西陵舟落座對面,老者抬眼瞥見他手中的暖爐,“這天氣,皇子已經覺得冷了嗎?”
西陵舟眉眼乾淨,不染一絲情緒,嘴角卻總是淺淺笑著,嗓音溫吞,“身子骨弱,一點寒都受不住。”
老者名為夏言,是西陵舟的外祖父,亦是當今的國公爺。
自西陵舟母親死後,他悲傷過度一夜白頭,才有了現在這樣的老態。
“那麼難得品種的狗,你為何要送給皇帝?他哪會領你的情,白瞎了。”
西陵舟垂眸,伸手抬起茶杯抿了一口,冒著熱氣的茶水帶來暖意,蔓延他冰冷的血肉。
轉頭去看院子落了不少葉子的樹。
“我養不好,送誰都一樣。”
西陵昱不喜歡狗,但有一個人會喜歡。
那樣可愛的小傢伙,怎麼也得給它找個合適的歸處才好。
夏言聽出他意有所指,皺了皺眉頭,繼續煮茶嗓音沉緩,“看你這兩日著實萎靡,沒了幹勁?”
西陵舟還是那個表情,面對這個自已打小看著長大的孩子,夏言卻總是看不透他內心在想什麼。
“我只是,有些累。”
話音落下,西陵舟耳畔迴響著付商秋昏迷前的話。
“利益可以權衡、交易、買賣,但人和人之間的情誼不能。”
“二皇子,您捫心自問,就算有朝一日坐上那張龍椅,您身邊是否有為您鞠躬盡瘁死而後已的親信?是否能守住自已的權勢?”

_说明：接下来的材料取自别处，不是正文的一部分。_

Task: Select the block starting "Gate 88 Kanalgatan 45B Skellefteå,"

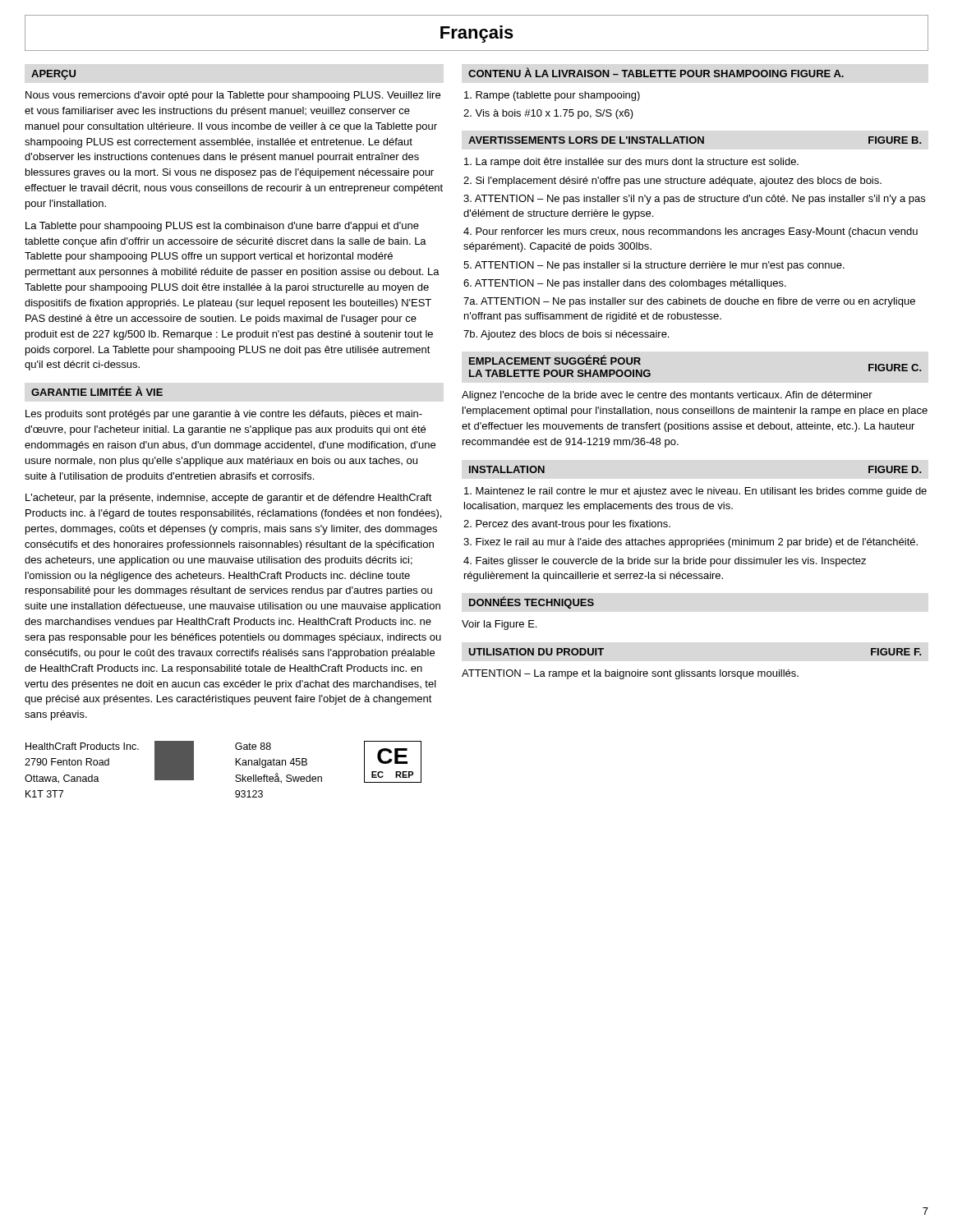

“怕是夜不能寐,時刻警惕有沒有人要你的命吧?您暴虐的做派,當得起明君二字嗎?”
西陵舟疲憊的吐出口氣,耳邊的聲音變成了那個對外素來冠以溫婉名頭的母親。
“你不出色怎麼爭?!”
“還跑去玩!沒出息的東西!”
“會試怎麼接連得了第一?”
“我說了要先藏拙,你並非太子,莫要拔尖露頭惹麻煩!”
伴隨著他被打的哭聲。
西陵舟回神,揉了揉發脹的眉心。
那能怎麼辦呢?
他只是想拿回本該屬於自已的。
是所有人都在逼他。
都在逼他。
夏言嘆了口氣,“此路難走,我明白你有多不容易。”
“累了可以歇,但不可頹靡,事已至此,你只有這一條路可以走。”
許久,西陵舟才應了聲‘嗯’。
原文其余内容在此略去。